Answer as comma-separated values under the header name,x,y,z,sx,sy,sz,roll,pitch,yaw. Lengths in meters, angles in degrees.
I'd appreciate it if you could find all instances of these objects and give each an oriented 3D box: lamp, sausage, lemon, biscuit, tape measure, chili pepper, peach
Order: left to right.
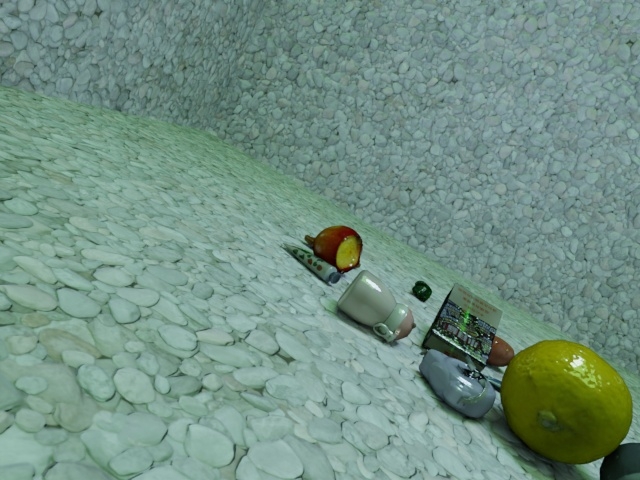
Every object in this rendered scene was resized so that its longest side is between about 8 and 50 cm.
name,x,y,z,sx,sy,sz,roll,pitch,yaw
biscuit,0.051,0.051,2.033,0.280,0.043,0.183,31,14,-14
peach,0.074,0.035,1.796,0.196,0.190,0.226,51,2,-12
chili pepper,0.482,0.235,2.215,0.098,0.061,0.224,38,11,8
tape measure,0.379,0.379,1.259,0.178,0.105,0.196,23,12,-28
sausage,0.593,0.383,1.731,0.259,0.113,0.113,28,12,-4
lemon,0.638,0.417,1.232,0.336,0.336,0.336,28,12,-6
lamp,0.742,0.617,1.079,0.182,0.182,0.314,32,44,13

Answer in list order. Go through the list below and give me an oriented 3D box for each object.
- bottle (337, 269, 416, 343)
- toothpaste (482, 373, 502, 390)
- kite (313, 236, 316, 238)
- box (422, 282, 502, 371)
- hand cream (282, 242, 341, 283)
name,x,y,z,sx,sy,sz,roll,pitch,yaw
bottle,0.182,0.212,1.432,0.236,0.147,0.147,37,12,3
toothpaste,0.618,0.491,1.519,0.197,0.034,0.057,28,6,9
kite,-0.003,-0.003,2.224,0.078,0.002,0.044,16,17,-43
box,0.491,0.298,1.606,0.198,0.084,0.310,33,39,11
hand cream,-0.031,0.075,1.714,0.095,0.059,0.276,19,11,-48

#### [Your instructions]
Could you repeat all of the data exactly, minus the pictures?

#### [Exercise result]
Answer as comma-separated values under the header name,x,y,z,sx,sy,sz,roll,pitch,yaw. Lengths in meters, angles in degrees.
I'd appreciate it if you could find all instances of these objects and give each an oriented 3D box: lamp, sausage, lemon, biscuit, tape measure, chili pepper, peach
Order: left to right.
Every object in this rendered scene was resized so that its longest side is between about 8 and 50 cm.
name,x,y,z,sx,sy,sz,roll,pitch,yaw
biscuit,0.051,0.051,2.033,0.280,0.043,0.183,31,14,-14
peach,0.074,0.035,1.796,0.196,0.190,0.226,51,2,-12
chili pepper,0.482,0.235,2.215,0.098,0.061,0.224,38,11,8
tape measure,0.379,0.379,1.259,0.178,0.105,0.196,23,12,-28
sausage,0.593,0.383,1.731,0.259,0.113,0.113,28,12,-4
lemon,0.638,0.417,1.232,0.336,0.336,0.336,28,12,-6
lamp,0.742,0.617,1.079,0.182,0.182,0.314,32,44,13

Answer in list order. Go through the list below and give me an oriented 3D box for each object.
- bottle (337, 269, 416, 343)
- toothpaste (482, 373, 502, 390)
- kite (313, 236, 316, 238)
- box (422, 282, 502, 371)
- hand cream (282, 242, 341, 283)
name,x,y,z,sx,sy,sz,roll,pitch,yaw
bottle,0.182,0.212,1.432,0.236,0.147,0.147,37,12,3
toothpaste,0.618,0.491,1.519,0.197,0.034,0.057,28,6,9
kite,-0.003,-0.003,2.224,0.078,0.002,0.044,16,17,-43
box,0.491,0.298,1.606,0.198,0.084,0.310,33,39,11
hand cream,-0.031,0.075,1.714,0.095,0.059,0.276,19,11,-48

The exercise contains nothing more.